Glossary Species Home
abrupt: Generally refers to a call that starts at nearly maximum volume (e.g., Dickcissel). A call said to have an abrupt ending ends at nearly maximum volume. See "lazy".
arched: Refers to a call that descends then rises (or vice-versa) in pitch. We use the term to refer to how a call sounds and also to its shape in a spectrogram. For example, a Chipping Sparrow flight call is upward-arched, while a Gray-cheeked Thrush flight call is downward-arched:
upward-arched Chipping Sparrow flight call downward-arched Gray-cheeked Thrush flight call
band: The time-frequency contour of a single tone in a spectrograph.
burry: Subtle modulations with an "r" sound (e.g., Veery).
buzzy: A "z"-sounding overtone created by modulations (e.g., Yellow Warbler) or very closely-spaced separate notes creating a similar effect (e.g., Dickcissel). A finer buzz has faster modulations (e.g., Swamp Sparrow) and a coarser buzz has slower modulations (e.g., Indigo Bunting).

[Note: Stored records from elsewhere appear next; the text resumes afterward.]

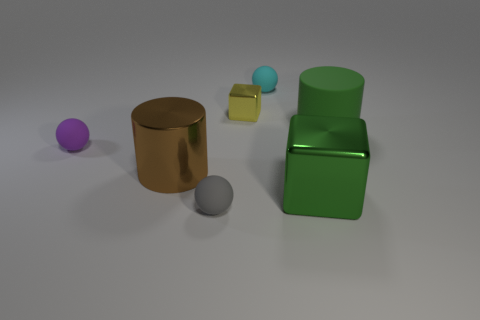Add 1 big green cylinders. How many objects exist? 8 Subtract all cylinders. How many objects are left? 5 Add 4 tiny cyan rubber things. How many tiny cyan rubber things are left? 5 Add 3 tiny rubber objects. How many tiny rubber objects exist? 6 Subtract 0 red balls. How many objects are left? 7 Subtract all large red metal blocks. Subtract all green rubber objects. How many objects are left? 6 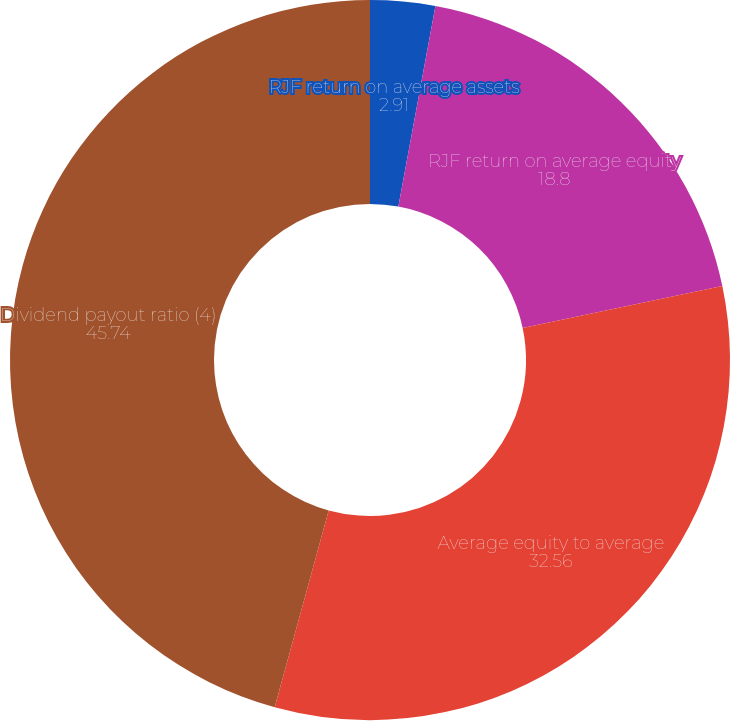Convert chart to OTSL. <chart><loc_0><loc_0><loc_500><loc_500><pie_chart><fcel>RJF return on average assets<fcel>RJF return on average equity<fcel>Average equity to average<fcel>Dividend payout ratio (4)<nl><fcel>2.91%<fcel>18.8%<fcel>32.56%<fcel>45.74%<nl></chart> 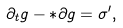<formula> <loc_0><loc_0><loc_500><loc_500>\partial _ { t } g - { * } \partial g = \sigma ^ { \prime } ,</formula> 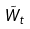<formula> <loc_0><loc_0><loc_500><loc_500>\tilde { W } _ { t }</formula> 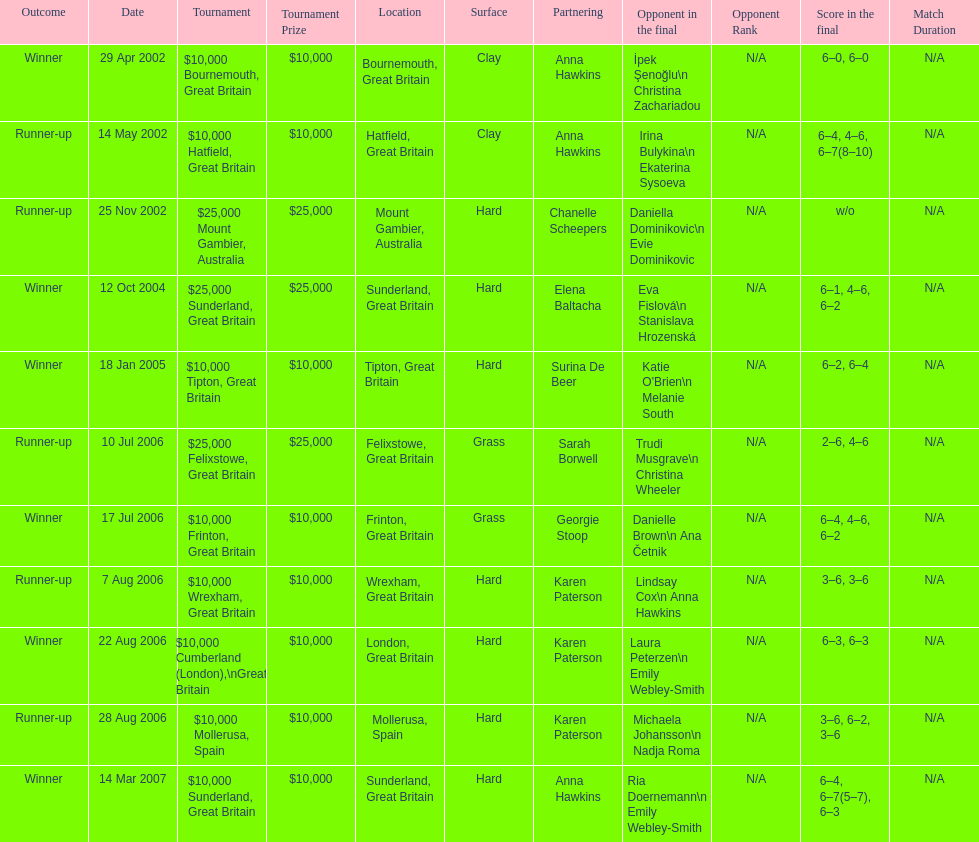What is the partnering name above chanelle scheepers? Anna Hawkins. Could you parse the entire table? {'header': ['Outcome', 'Date', 'Tournament', 'Tournament Prize', 'Location', 'Surface', 'Partnering', 'Opponent in the final', 'Opponent Rank', 'Score in the final', 'Match Duration'], 'rows': [['Winner', '29 Apr 2002', '$10,000 Bournemouth, Great Britain', '$10,000', 'Bournemouth, Great Britain', 'Clay', 'Anna Hawkins', 'İpek Şenoğlu\\n Christina Zachariadou', 'N/A', '6–0, 6–0', 'N/A'], ['Runner-up', '14 May 2002', '$10,000 Hatfield, Great Britain', '$10,000', 'Hatfield, Great Britain', 'Clay', 'Anna Hawkins', 'Irina Bulykina\\n Ekaterina Sysoeva', 'N/A', '6–4, 4–6, 6–7(8–10)', 'N/A'], ['Runner-up', '25 Nov 2002', '$25,000 Mount Gambier, Australia', '$25,000', 'Mount Gambier, Australia', 'Hard', 'Chanelle Scheepers', 'Daniella Dominikovic\\n Evie Dominikovic', 'N/A', 'w/o', 'N/A'], ['Winner', '12 Oct 2004', '$25,000 Sunderland, Great Britain', '$25,000', 'Sunderland, Great Britain', 'Hard', 'Elena Baltacha', 'Eva Fislová\\n Stanislava Hrozenská', 'N/A', '6–1, 4–6, 6–2', 'N/A'], ['Winner', '18 Jan 2005', '$10,000 Tipton, Great Britain', '$10,000', 'Tipton, Great Britain', 'Hard', 'Surina De Beer', "Katie O'Brien\\n Melanie South", 'N/A', '6–2, 6–4', 'N/A'], ['Runner-up', '10 Jul 2006', '$25,000 Felixstowe, Great Britain', '$25,000', 'Felixstowe, Great Britain', 'Grass', 'Sarah Borwell', 'Trudi Musgrave\\n Christina Wheeler', 'N/A', '2–6, 4–6', 'N/A'], ['Winner', '17 Jul 2006', '$10,000 Frinton, Great Britain', '$10,000', 'Frinton, Great Britain', 'Grass', 'Georgie Stoop', 'Danielle Brown\\n Ana Četnik', 'N/A', '6–4, 4–6, 6–2', 'N/A'], ['Runner-up', '7 Aug 2006', '$10,000 Wrexham, Great Britain', '$10,000', 'Wrexham, Great Britain', 'Hard', 'Karen Paterson', 'Lindsay Cox\\n Anna Hawkins', 'N/A', '3–6, 3–6', 'N/A'], ['Winner', '22 Aug 2006', '$10,000 Cumberland (London),\\nGreat Britain', '$10,000', 'London, Great Britain', 'Hard', 'Karen Paterson', 'Laura Peterzen\\n Emily Webley-Smith', 'N/A', '6–3, 6–3', 'N/A'], ['Runner-up', '28 Aug 2006', '$10,000 Mollerusa, Spain', '$10,000', 'Mollerusa, Spain', 'Hard', 'Karen Paterson', 'Michaela Johansson\\n Nadja Roma', 'N/A', '3–6, 6–2, 3–6', 'N/A'], ['Winner', '14 Mar 2007', '$10,000 Sunderland, Great Britain', '$10,000', 'Sunderland, Great Britain', 'Hard', 'Anna Hawkins', 'Ria Doernemann\\n Emily Webley-Smith', 'N/A', '6–4, 6–7(5–7), 6–3', 'N/A']]}

chip note: A short vocalization, often used as an alarm note, given primarily by perched birds year-round. In many species this call can be phonetically rendered as "chip".
coarse: Generally used to characterize the buzzy quality of a call. A call with a coarser buzz has slower modulations (e.g., Louisiana Waterthrush has a coarser buzz than Worm-eating Warbler).
contact call: A short call used primarily for the purpose of birds staying in contact with one another. Sometimes referred to as the location call. Serves as the flight call in many species.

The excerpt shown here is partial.